What this task involves » Would you repeat the listing below verbatim and drop the images?

Dataset excerpts »
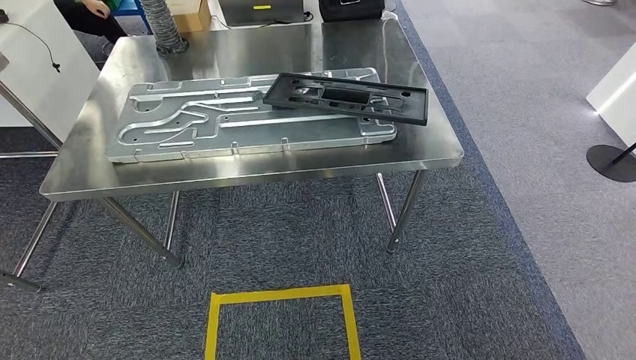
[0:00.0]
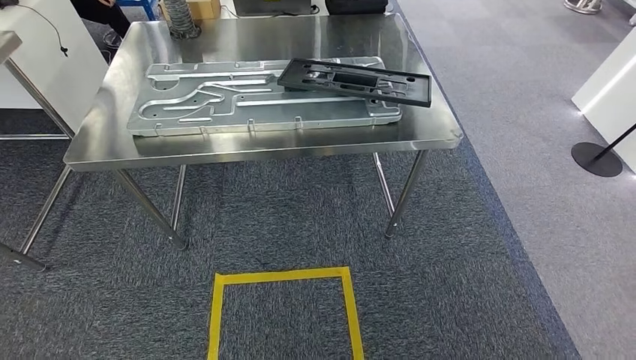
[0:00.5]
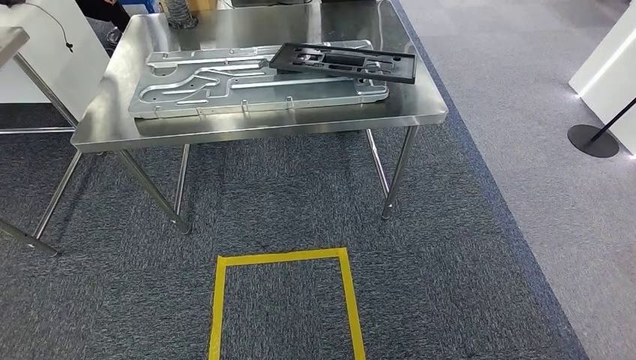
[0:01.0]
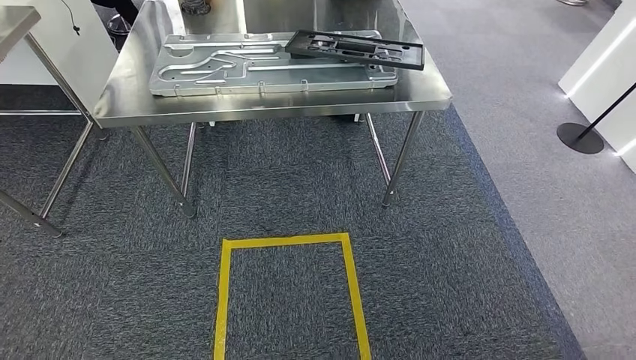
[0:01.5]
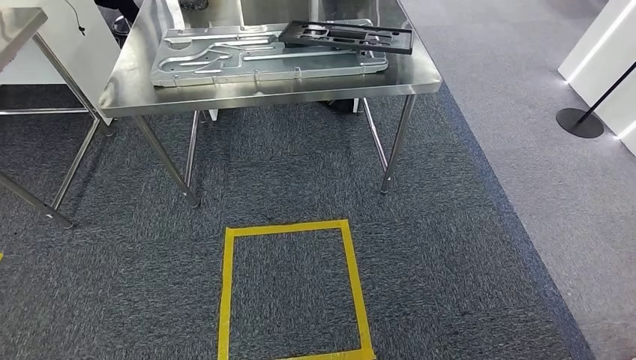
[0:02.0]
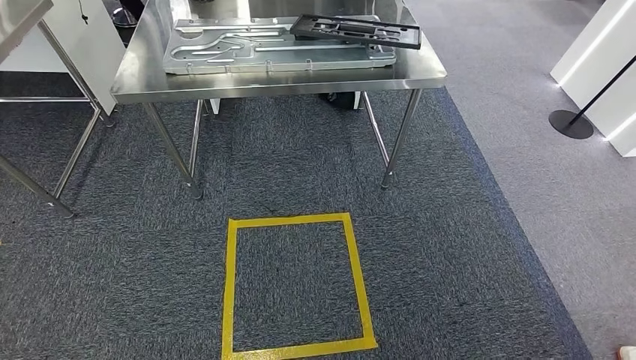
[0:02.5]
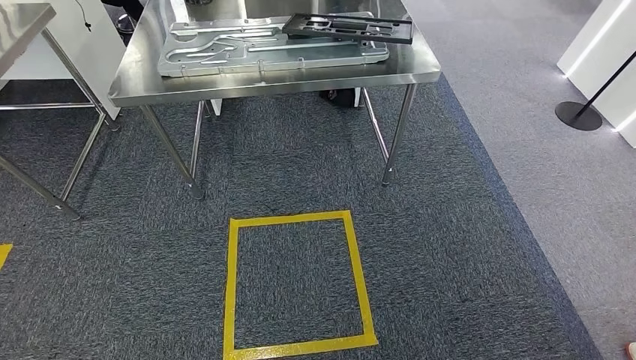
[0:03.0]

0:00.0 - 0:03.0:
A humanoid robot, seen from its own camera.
Step, 0:00.0 - 0:03.0: Move to the initial position of the shelf.

Response to this task »
[0:00.0]
[0:00.5]
[0:01.0]
[0:01.5]
[0:02.0]
[0:02.5]
[0:03.0]

0:00.0 - 0:03.0:
A humanoid robot, seen from its own camera.
Step, 0:00.0 - 0:03.0: Move to the initial position of the shelf.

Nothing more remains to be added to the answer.